• Work request: The answer should reproduce every entry exactly and contain no images.

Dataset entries
★ ★ ★ ★ ★
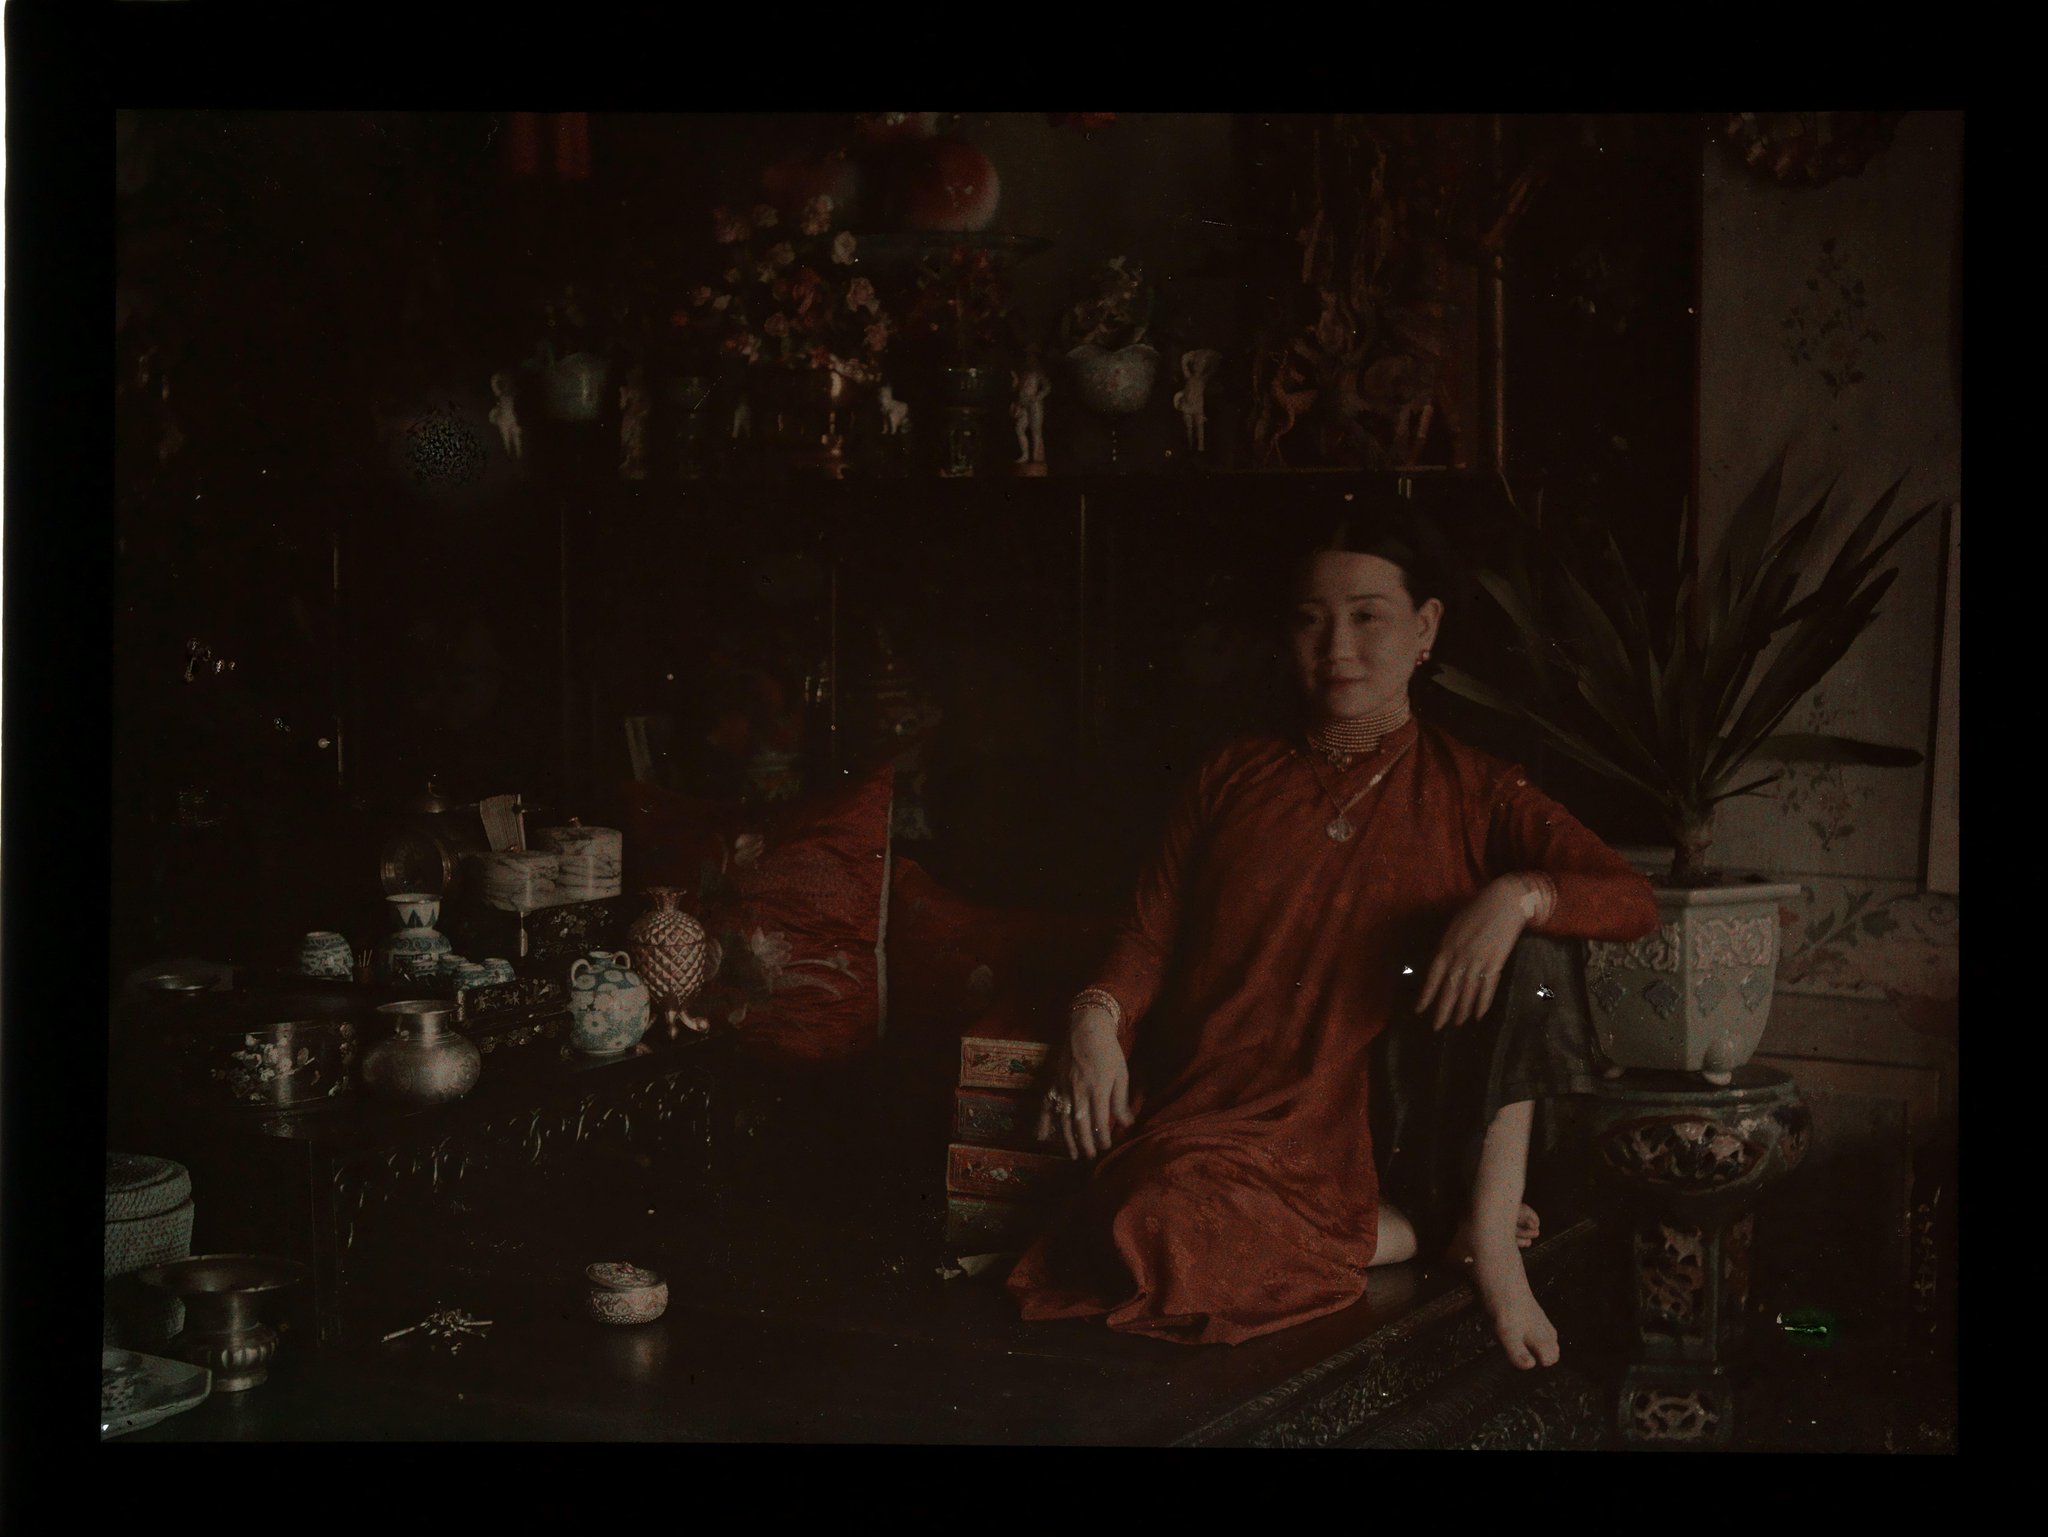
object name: photograph
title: Zittende Chinese vrouw in een interieur met Aziatische voorwerpen
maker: Anonymous
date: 1910-1940
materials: glass
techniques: autochrome process
★ ★ ★ ★ ★
• The completed task:
object name: photograph
title: Zittende Chinese vrouw in een interieur met Aziatische voorwerpen
maker: Anonymous
date: 1910-1940
materials: glass
techniques: autochrome process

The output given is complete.